_Records from a dataset_.
#####

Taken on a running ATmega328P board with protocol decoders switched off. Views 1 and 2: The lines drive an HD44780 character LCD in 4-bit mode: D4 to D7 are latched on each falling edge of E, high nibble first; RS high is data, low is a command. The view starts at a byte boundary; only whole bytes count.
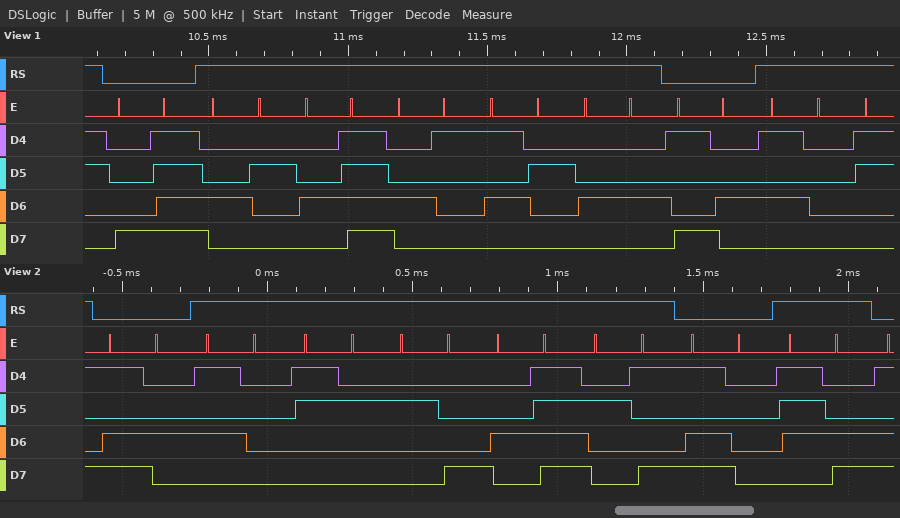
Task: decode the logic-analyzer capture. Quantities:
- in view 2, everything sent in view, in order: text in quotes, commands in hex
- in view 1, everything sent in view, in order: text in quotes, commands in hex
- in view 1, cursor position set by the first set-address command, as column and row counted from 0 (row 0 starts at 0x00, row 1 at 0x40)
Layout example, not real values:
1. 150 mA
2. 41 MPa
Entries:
1. 0xD4 "P2(O)" 0xD0 "|"
2. 0x8F "BOARD" 0x94 "P"
3. column 15, row 0
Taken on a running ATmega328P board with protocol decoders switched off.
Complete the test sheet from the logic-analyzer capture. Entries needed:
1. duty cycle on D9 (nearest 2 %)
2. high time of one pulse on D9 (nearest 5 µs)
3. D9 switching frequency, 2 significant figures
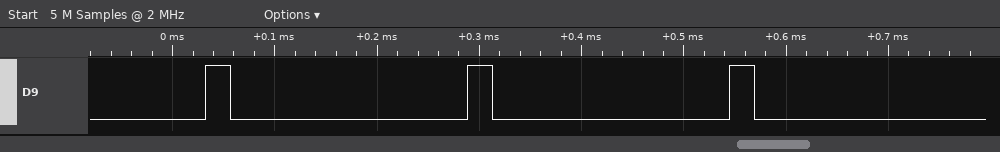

#####

_WHAT YOU NEED TO DO_. Each entry above should come back word for word, and no picture should come with it.

_SOLUTION TO THE PROBLEM_.
Taken on a running ATmega328P board with protocol decoders switched off. Views 1 and 2: The lines drive an HD44780 character LCD in 4-bit mode: D4 to D7 are latched on each falling edge of E, high nibble first; RS high is data, low is a command. The view starts at a byte boundary; only whole bytes count.
Task: decode the logic-analyzer capture. Quantities:
- in view 2, everything sent in view, in order: text in quotes, commands in hex
- in view 1, everything sent in view, in order: text in quotes, commands in hex
- in view 1, cursor position set by the first set-address command, as column and row counted from 0 (row 0 starts at 0x00, row 1 at 0x40)
Layout example, not real values:
1. 150 mA
2. 41 MPa
Entries:
1. 0xD4 "P2(O)" 0xD0 "|"
2. 0x8F "BOARD" 0x94 "P"
3. column 15, row 0
Taken on a running ATmega328P board with protocol decoders switched off.
Complete the test sheet from the logic-analyzer capture. Entries needed:
1. duty cycle on D9 (nearest 2 %)
2. high time of one pulse on D9 (nearest 5 µs)
3. D9 switching frequency, 2 significant figures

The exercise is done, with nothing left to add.